Materials and Methods: A total of 618 urine samples, which comprised of first ten consecutive samples that were received in the microbiology laboratory daily from patients with suspected urinary tract infection, were included in the study. All uncentrifuged urine specimens were subjected to wet mount, gram's stain, and acridine orange stain microscopy and semi quantitative urine culture tests. Time taken and expenditure for each test per sample was calculated and compared.

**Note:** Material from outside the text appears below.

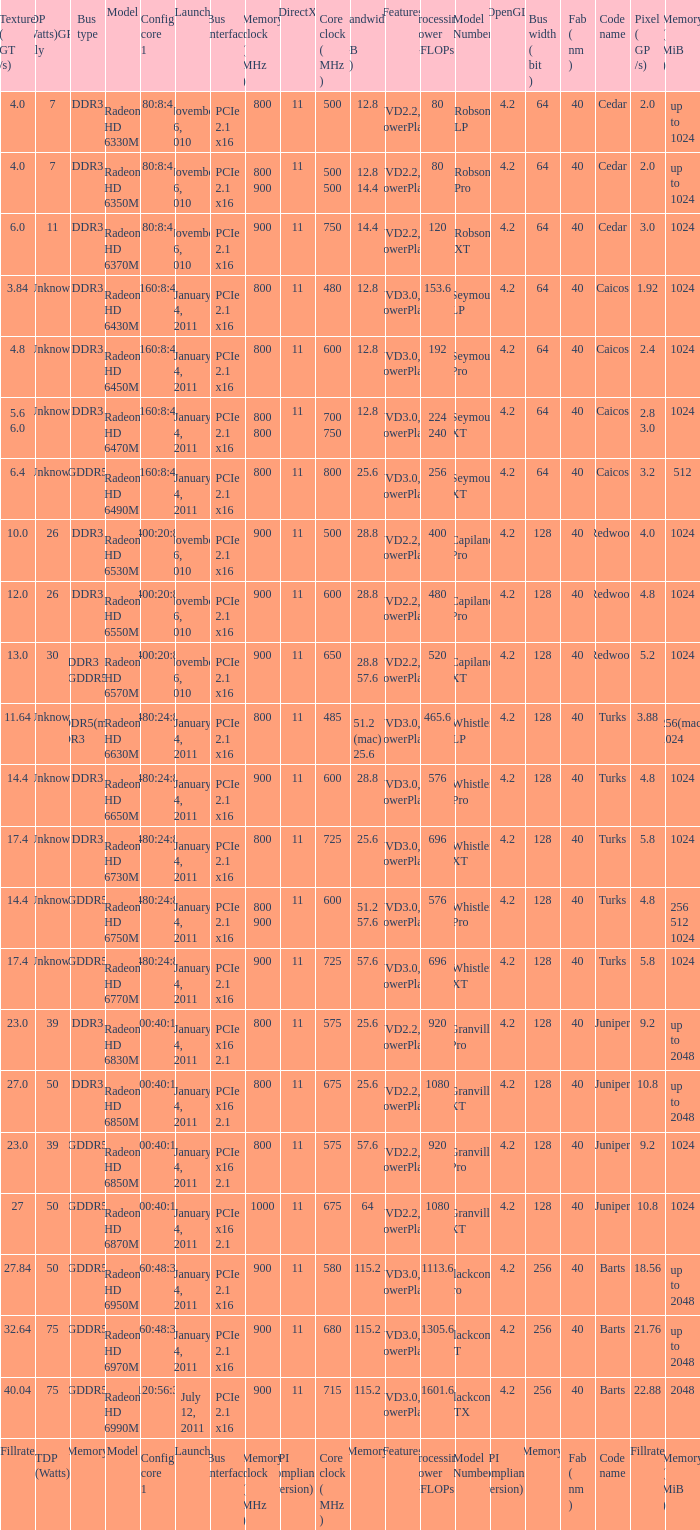How many values for fab(nm) if the model number is Whistler LP? 1.0.

Result: Sensitivity, specificity, PPV and NPV of all the screening tests were compared singly and in combination. Acridine orange and gram stain had the highest sensitivity while wet mount, wet mount+gram stain and wet mount+acridine orange stain showed similar sensitivities. Specificity was highest for wet mount+acridine orange followed by acridine orange, wet mount+gram stain, gram stain and wet mount. PPV was highest for wet mount+acridine orange followed by acridine orange, gram stain, wet mount+gram stain and wet mount. NPV was highest for acridine orange followed by wet mount+acridine orange, gram stain, wet mount+gram stain and wet mount. All the microscopic tests were significantly rapid and cost effective as compared to culture test.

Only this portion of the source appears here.